The HCT116 cell line (CCL-247) was purchased from the American Type Culture Collection (ATCC) and cultured in McCoy's 5A medium (cat. no. 26600023, Gibco; Thermo Fisher Scientific, Inc.), supplemented with 10% fetal bovine serum (cat. no. 10270106, Gibco; Thermo Fisher Scientific, Inc.), 1% glutamine (cat. no. 25030024, Gibco; Thermo Fisher Scientific, Inc.) and 1% penicillin and streptomycin (cat. N 15140122, Gibco; Thermo Fisher Scientific, Inc.). The 293T cell line (CRL-3216, ATCC) was cultured in Iscove's modified Dulbecco's medium (IMDM cat. no. 12440053, Gibco; Thermo Fisher Scientific, Inc.) supplemented with 10% heat-inactivated fetal calf serum (cat. no. S11450H, R&D Systems, Inc.), 1% glutamine (cat. no. 25030024, Gibco; Thermo Fisher Scientific, Inc.) and 1% penicillin and streptomycin (cat. no. 15140122, Gibco; Thermo Fisher Scientific, Inc.). The 293T cell line, characterized by high transfectability and transgenic expression, was used as a packaging cell line for generating viral particles. The authenticity of the cell lines was verified at the beginning of the study by STR profiling, in accordance with ATCC product description. Cell lines were routinely tested for mycoplasma contamination using the LookOut^® Mycoplasma PCR Detection kit (cat. no. MP0035, MilliporeSigma). All cell lines were grown and maintained in a humidified incubator with 5% CO₂ and 95% (vol/vol) O₂. Hypoxic experiments were performed using the Galaxy 48-R incubator (New Brunswick Scientific Co., Inc.; Effendorf AG) at 0.5% O₂. HCT116 cells were also treated with hypoxia-mimic compound deferoxamine (cat. no. D9533, MilliporeSigma) at 250 µM for 6 h as a positive control of hypoxic experimental conditions.

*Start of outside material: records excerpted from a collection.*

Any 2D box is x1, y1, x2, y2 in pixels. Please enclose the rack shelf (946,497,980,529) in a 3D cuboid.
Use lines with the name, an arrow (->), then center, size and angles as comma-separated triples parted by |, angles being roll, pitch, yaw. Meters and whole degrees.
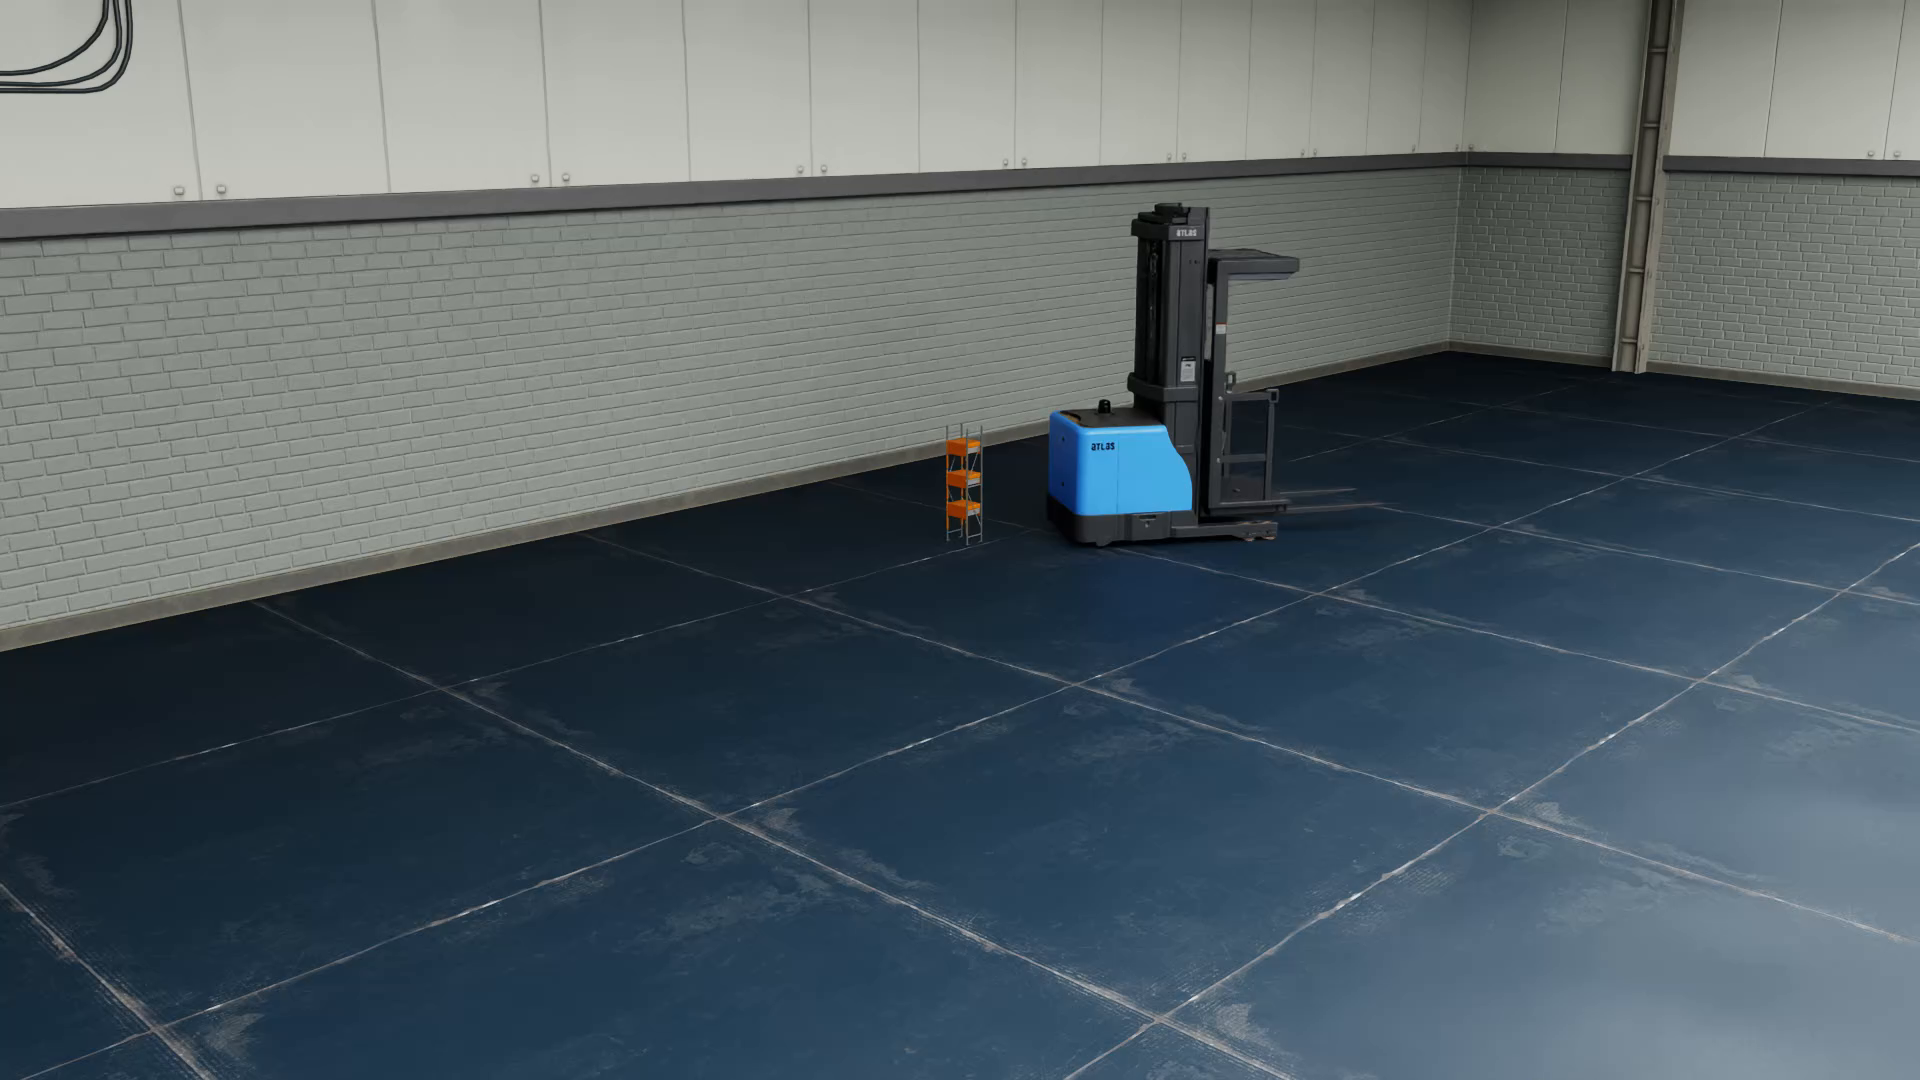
rack shelf -> 0.039, -0.219, 14.837 | 0.240, 0.259, 0.215 | 14, 20, 42

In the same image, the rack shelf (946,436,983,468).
rack shelf -> 0.039, -0.763, 14.695 | 0.240, 0.259, 0.215 | 14, 20, 42

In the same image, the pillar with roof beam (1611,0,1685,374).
pillar with roof beam -> 6.856, -6.060, 20.343 | 0.400, 9.000, 9.100 | 14, 20, 42

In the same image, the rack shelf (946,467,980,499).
rack shelf -> 0.039, -0.488, 14.766 | 0.240, 0.259, 0.215 | 14, 20, 42

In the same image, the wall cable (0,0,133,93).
wall cable -> -6.622, -5.246, 10.472 | 0.169, 6.003, 2.305 | 14, 20, 42

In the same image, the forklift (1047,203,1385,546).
forklift -> 2.378, -1.535, 15.011 | 3.031, 2.935, 1.130 | -3, 15, -13

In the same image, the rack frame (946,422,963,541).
rack frame -> -0.049, -0.520, 14.846 | 0.008, 1.050, 0.200 | 14, 20, 42

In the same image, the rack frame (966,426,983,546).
rack frame -> 0.126, -0.477, 14.682 | 0.008, 1.050, 0.200 | 14, 20, 42

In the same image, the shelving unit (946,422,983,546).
shelving unit -> 0.039, -0.499, 14.764 | 0.252, 1.050, 0.215 | 14, 20, 42
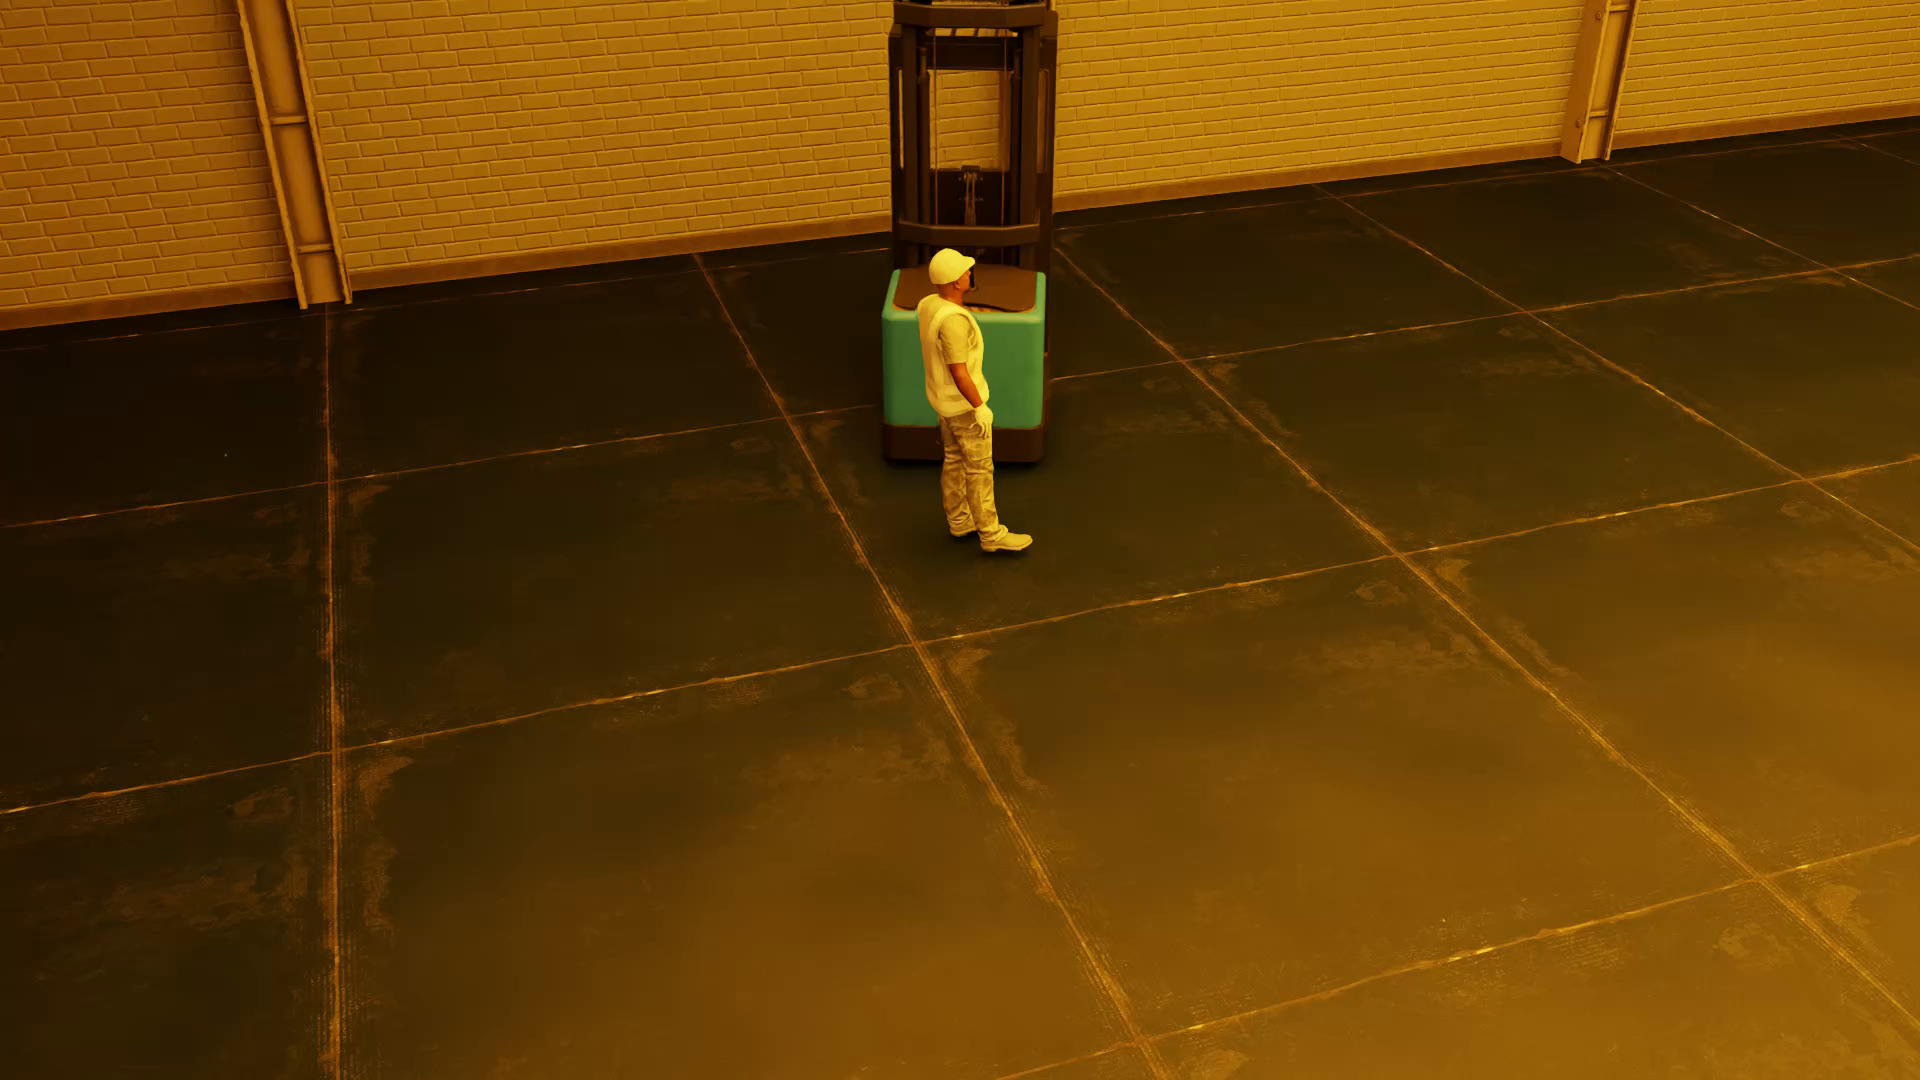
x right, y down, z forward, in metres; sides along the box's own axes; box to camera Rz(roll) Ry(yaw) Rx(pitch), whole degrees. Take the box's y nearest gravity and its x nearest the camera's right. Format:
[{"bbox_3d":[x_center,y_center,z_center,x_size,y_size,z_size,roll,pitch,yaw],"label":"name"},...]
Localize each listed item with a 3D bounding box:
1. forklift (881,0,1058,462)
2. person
[{"bbox_3d":[0.097,-2.475,11.389,1.130,2.935,3.031,2,30,3],"label":"forklift"},{"bbox_3d":[0.070,-0.821,9.571,0.577,1.781,0.656,-10,31,-16],"label":"person"}]

TRAP1 transient silencing was performed using 80 nM siRNAs purchased from Qiagen (target sequence, 5′-CCC GGT CCC TGT ACT CAG AAA-3′; sense strand, 5′-CGG UCC CUG UAC UCAG AAA TT-3′; antisense strand, 5′-UUU CUG AGU ACA GGG ACC GGG-3′; cat. no. SI00115150, Qiagen GmbH). As a control, cells were transfected with the same amount of control siRNA (target sequence, N/A; sense and antisense sequence, proprietary; cat. no. SI03650318, Qiagen GmbH). Transient transfections of siRNAs were performed 48 h before the experiment using the HiPerFect Transfection Reagent (cat. no. 301705, Qiagen GmbH), according to the manufacturer's protocol.

mTOR inhibition in HCT116 cells was performed using everolimus (Afinitor, Novartis) at 1 µM for 24 h.

Glucose uptake and lactate production were assessed as previously described (23). All experiments were performed at least in triplicate.

Total RNA was extracted using the RNeasy Plus Mini kit (cat. no. 74034, Qiagen GmbH), according to the manufacturer's instructions and reverse transcribed into cDNA using reverse transcription reagents (Superscript IV Vilo, cat. no. 11756050, Invitrogen; Thermo Fisher Scientific, Inc.), according to the manufacturer's instructions. qPCR analyses were performed in the CFX96 Touch™ Real-Time PCR Detection System (Bio-Rad Laboratories, Inc.) using SsoAdvanced™ Universal SYBR^®-Green Supermix (cat. no. 1725271, Bio-Rad Laboratories, Inc.), according to the manufacturer's instructions. The reaction was conducted according to the following amplification protocol: 95°C for 3 min, 39 cycles at 95°C for 10 sec, 60°C for 30 sec and 65-95°C for 5 sec. Primers were purchased from MilliporeSigma or Invitrogen (Thermo Fisher Scientific, Inc.) and are listed in Table SI. Gene expression was analyzed according to 2^−ΔΔCq relative quantification method (26) using CFX Maestro software version 1.0 (Bio-Rad Laboratories, Inc.).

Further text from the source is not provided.